Historically, Belarusians had little contact with fish from the sea, and this is still evident in the cuisine. The most common sea fish (after herring, which has been the most common appetizer all along the Baltic coast and its vicinity ever since the 14th century) are hake and cod and there are relatively few dishes with such fish. Much more traditional and common are lake fish, notably zander, cooked in endless ways, and carp (especially the famous stuffed carp, the gefilte fisch of Jewish cuisine). Eels, smoked or stuffed, are the specialty of the lake country in the northwestern part of Belarus, adjacent to Latvia and Lithuania.
Garnishes are usually boiled, fried or mashed potatoes, rice or pasta. Meat dishes are frequently served with bliny or draniki in rounded clay pots. While Belarusians consider kasha (cereals) as rather ordinary dishes and cook them frequently at home, they are more rarely found in restaurants.

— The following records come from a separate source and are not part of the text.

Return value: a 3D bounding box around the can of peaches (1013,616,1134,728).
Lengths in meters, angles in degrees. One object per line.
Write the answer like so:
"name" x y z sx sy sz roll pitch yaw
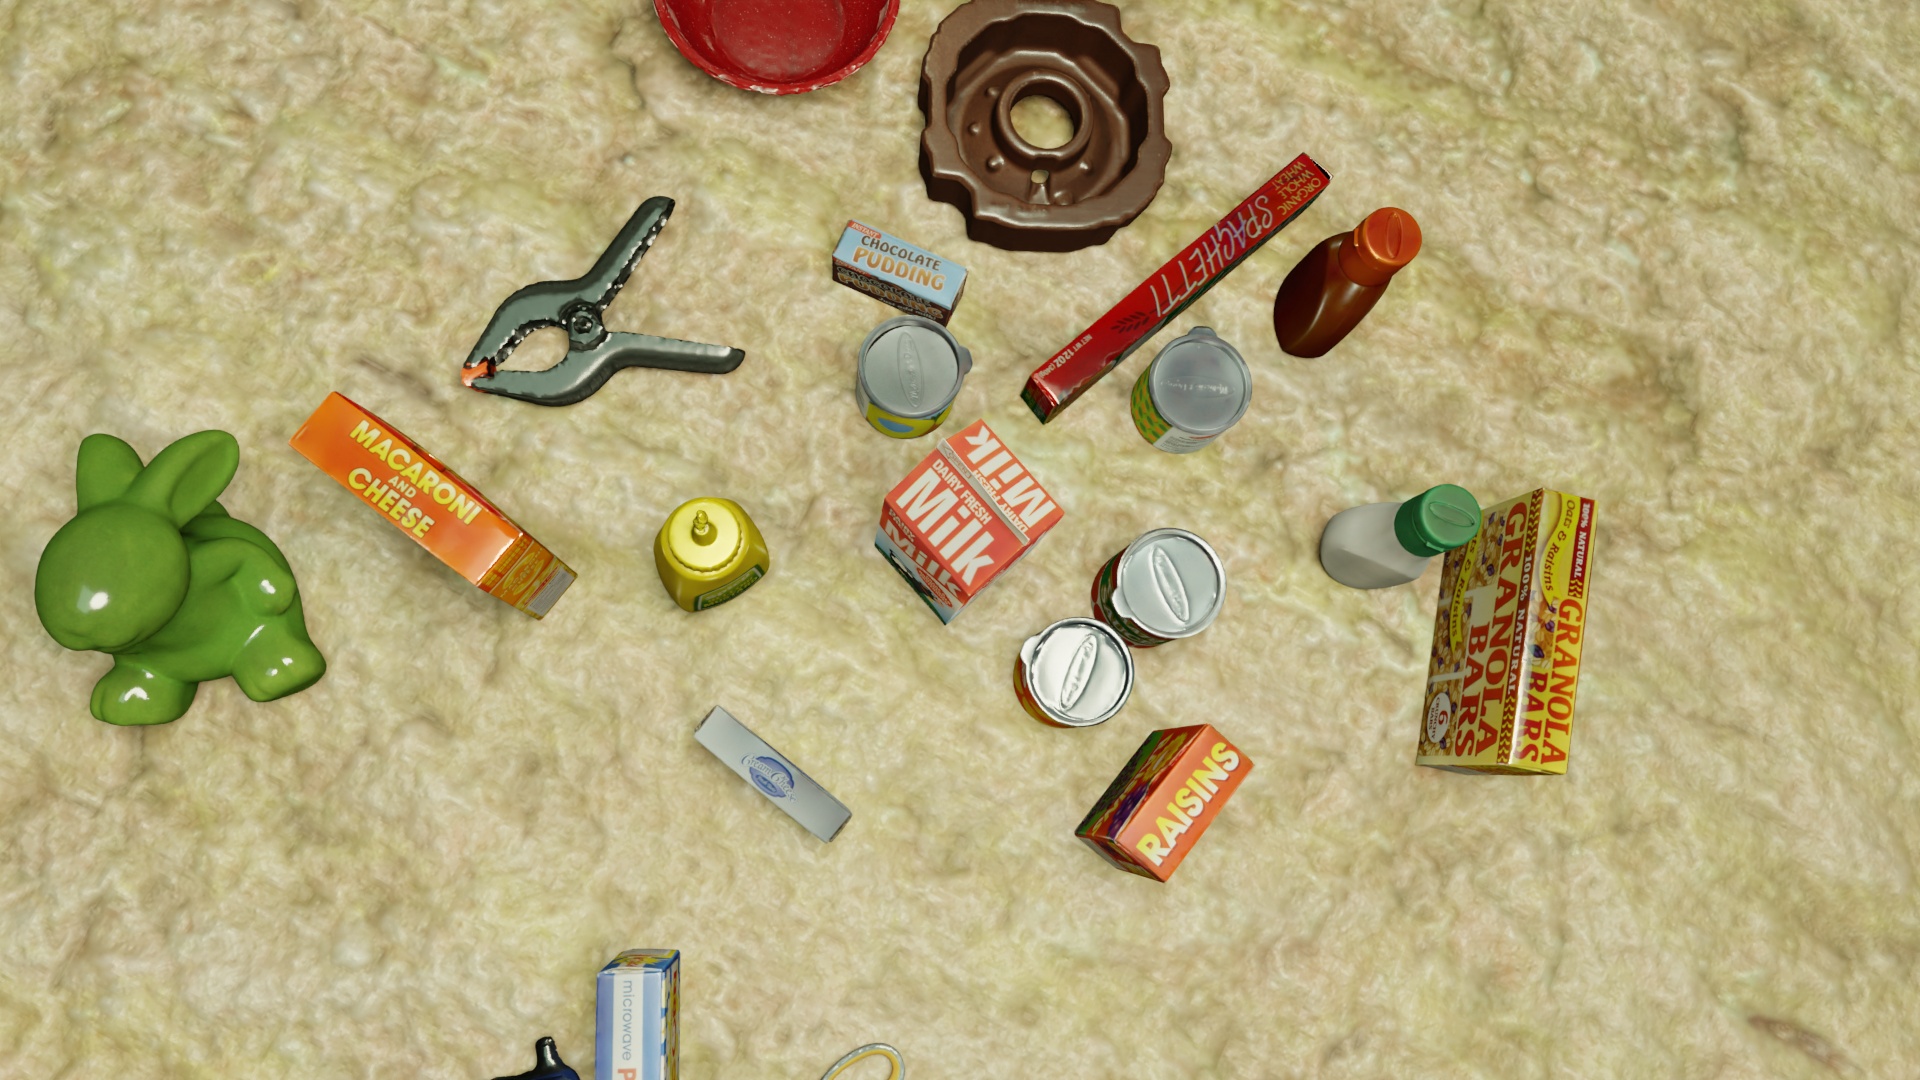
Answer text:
"can of peaches" 0.066 0.082 0.857 0.071 0.058 0.071 1 80 -6

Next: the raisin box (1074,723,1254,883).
"raisin box" 0.117 0.152 0.817 0.040 0.123 0.086 41 79 1

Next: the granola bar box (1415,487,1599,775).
"granola bar box" 0.336 0.061 0.857 0.039 0.124 0.166 13 79 -4

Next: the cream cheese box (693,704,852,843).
"cream cheese box" -0.112 0.140 0.829 0.104 0.053 0.024 39 79 1

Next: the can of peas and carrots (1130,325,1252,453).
"can of peas and carrots" 0.147 -0.096 0.897 0.071 0.058 0.071 1 80 -6

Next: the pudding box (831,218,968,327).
"pudding box" -0.039 -0.171 0.894 0.084 0.049 0.030 24 79 -2

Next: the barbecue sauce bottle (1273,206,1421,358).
"barbecue sauce bottle" 0.241 -0.164 0.874 0.044 0.148 0.065 7 80 -5

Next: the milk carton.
"milk carton" 0.003 -0.010 0.799 0.073 0.190 0.072 -40 87 -11

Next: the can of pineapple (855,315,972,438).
"can of pineapple" -0.031 -0.102 0.879 0.071 0.057 0.071 1 80 -6

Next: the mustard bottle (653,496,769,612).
"mustard bottle" -0.145 0.005 0.795 0.065 0.160 0.049 -30 85 -10

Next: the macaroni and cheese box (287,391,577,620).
"macaroni and cheese box" -0.288 -0.015 0.779 0.124 0.166 0.040 37 79 1

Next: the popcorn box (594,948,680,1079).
"popcorn box" -0.180 0.299 0.778 0.038 0.085 0.127 0 80 -6

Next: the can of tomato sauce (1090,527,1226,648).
"can of tomato sauce" 0.119 0.033 0.859 0.071 0.083 0.071 1 80 -6

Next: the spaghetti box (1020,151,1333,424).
"spaghetti box" 0.142 -0.167 0.914 0.250 0.050 0.028 -40 87 -11

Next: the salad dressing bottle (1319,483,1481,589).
"salad dressing bottle" 0.268 -0.002 0.849 0.064 0.147 0.044 22 79 -2

Kvass is still the main local soft drink, although it is increasingly made of sugars and flavorings which imitate natural flavorings rather than with genuine rye malt. Every small town boasts a local variety of mineral water, which is probably the country’s main mineral resource. Belarusians prefer carbonated water. Local harelkas (vodkas) are very good, notably those with birch sap or various forest herbs, and are popular with lovers of strong drink. Mead and many other similar drinks made of honey and spices, which were very common up to the 19th century, and then were more or less rarely found until the present, are mainly represented by krambambula, perhaps better known for its odd name than for its specific taste. Which also contains fried salmon.